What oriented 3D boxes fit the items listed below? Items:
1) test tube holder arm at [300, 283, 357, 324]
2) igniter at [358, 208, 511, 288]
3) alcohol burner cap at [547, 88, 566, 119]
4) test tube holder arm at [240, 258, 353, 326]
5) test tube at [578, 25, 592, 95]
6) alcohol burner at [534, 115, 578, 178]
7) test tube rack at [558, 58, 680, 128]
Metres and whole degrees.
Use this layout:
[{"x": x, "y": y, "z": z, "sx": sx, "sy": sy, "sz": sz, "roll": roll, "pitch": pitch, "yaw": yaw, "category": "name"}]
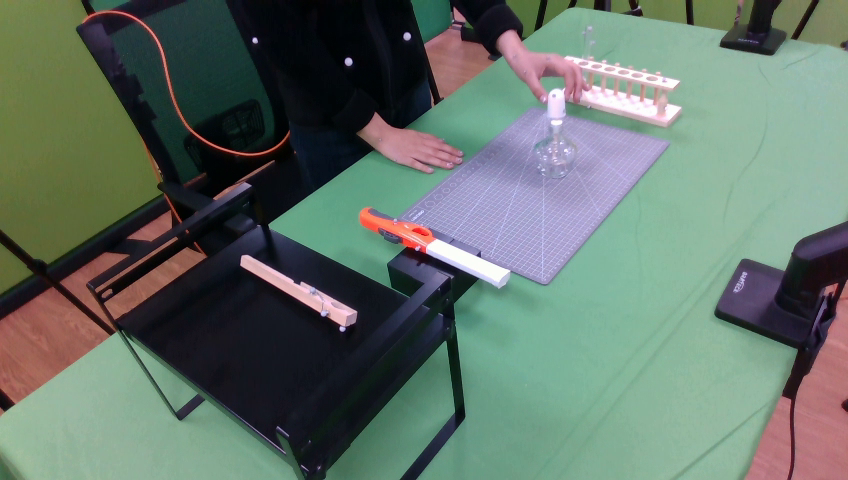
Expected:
[{"x": -0.105, "y": 0.067, "z": 0.638, "sx": 0.087, "sy": 0.015, "sz": 0.010, "roll": 21, "pitch": 14, "yaw": 33, "category": "test tube holder arm"}, {"x": 0.005, "y": 0.005, "z": 0.892, "sx": 0.274, "sy": 0.025, "sz": 0.057, "roll": 24, "pitch": 38, "yaw": 31, "category": "igniter"}, {"x": 0.226, "y": -0.234, "z": 1.030, "sx": 0.034, "sy": 0.048, "sz": 0.033, "roll": -5, "pitch": 35, "yaw": 4, "category": "alcohol burner cap"}, {"x": -0.143, "y": 0.053, "z": 0.658, "sx": 0.177, "sy": 0.015, "sz": 0.013, "roll": 21, "pitch": 14, "yaw": 32, "category": "test tube holder arm"}, {"x": 0.326, "y": -0.362, "z": 1.227, "sx": 0.017, "sy": 0.151, "sz": 0.017, "roll": -3, "pitch": 44, "yaw": 4, "category": "test tube"}, {"x": 0.232, "y": -0.170, "z": 1.065, "sx": 0.078, "sy": 0.119, "sz": 0.077, "roll": -5, "pitch": 39, "yaw": 5, "category": "alcohol burner"}, {"x": 0.394, "y": -0.309, "z": 1.231, "sx": 0.240, "sy": 0.085, "sz": 0.067, "roll": 25, "pitch": 51, "yaw": 33, "category": "test tube rack"}]

______________________________

> What the exercise asks
Pictures do not belong in the copy. Repeat exactly each line from the one with "2) igniter at [358, 208, 511, 288]" through the end of the listing.

> Result of the task
2) igniter at [358, 208, 511, 288]
3) alcohol burner cap at [547, 88, 566, 119]
4) test tube holder arm at [240, 258, 353, 326]
5) test tube at [578, 25, 592, 95]
6) alcohol burner at [534, 115, 578, 178]
7) test tube rack at [558, 58, 680, 128]
Metres and whole degrees.
Use this layout:
[{"x": x, "y": y, "z": z, "sx": sx, "sy": sy, "sz": sz, "roll": roll, "pitch": pitch, "yaw": yaw, "category": "name"}]
Expected:
[{"x": -0.105, "y": 0.067, "z": 0.638, "sx": 0.087, "sy": 0.015, "sz": 0.010, "roll": 21, "pitch": 14, "yaw": 33, "category": "test tube holder arm"}, {"x": 0.005, "y": 0.005, "z": 0.892, "sx": 0.274, "sy": 0.025, "sz": 0.057, "roll": 24, "pitch": 38, "yaw": 31, "category": "igniter"}, {"x": 0.226, "y": -0.234, "z": 1.030, "sx": 0.034, "sy": 0.048, "sz": 0.033, "roll": -5, "pitch": 35, "yaw": 4, "category": "alcohol burner cap"}, {"x": -0.143, "y": 0.053, "z": 0.658, "sx": 0.177, "sy": 0.015, "sz": 0.013, "roll": 21, "pitch": 14, "yaw": 32, "category": "test tube holder arm"}, {"x": 0.326, "y": -0.362, "z": 1.227, "sx": 0.017, "sy": 0.151, "sz": 0.017, "roll": -3, "pitch": 44, "yaw": 4, "category": "test tube"}, {"x": 0.232, "y": -0.170, "z": 1.065, "sx": 0.078, "sy": 0.119, "sz": 0.077, "roll": -5, "pitch": 39, "yaw": 5, "category": "alcohol burner"}, {"x": 0.394, "y": -0.309, "z": 1.231, "sx": 0.240, "sy": 0.085, "sz": 0.067, "roll": 25, "pitch": 51, "yaw": 33, "category": "test tube rack"}]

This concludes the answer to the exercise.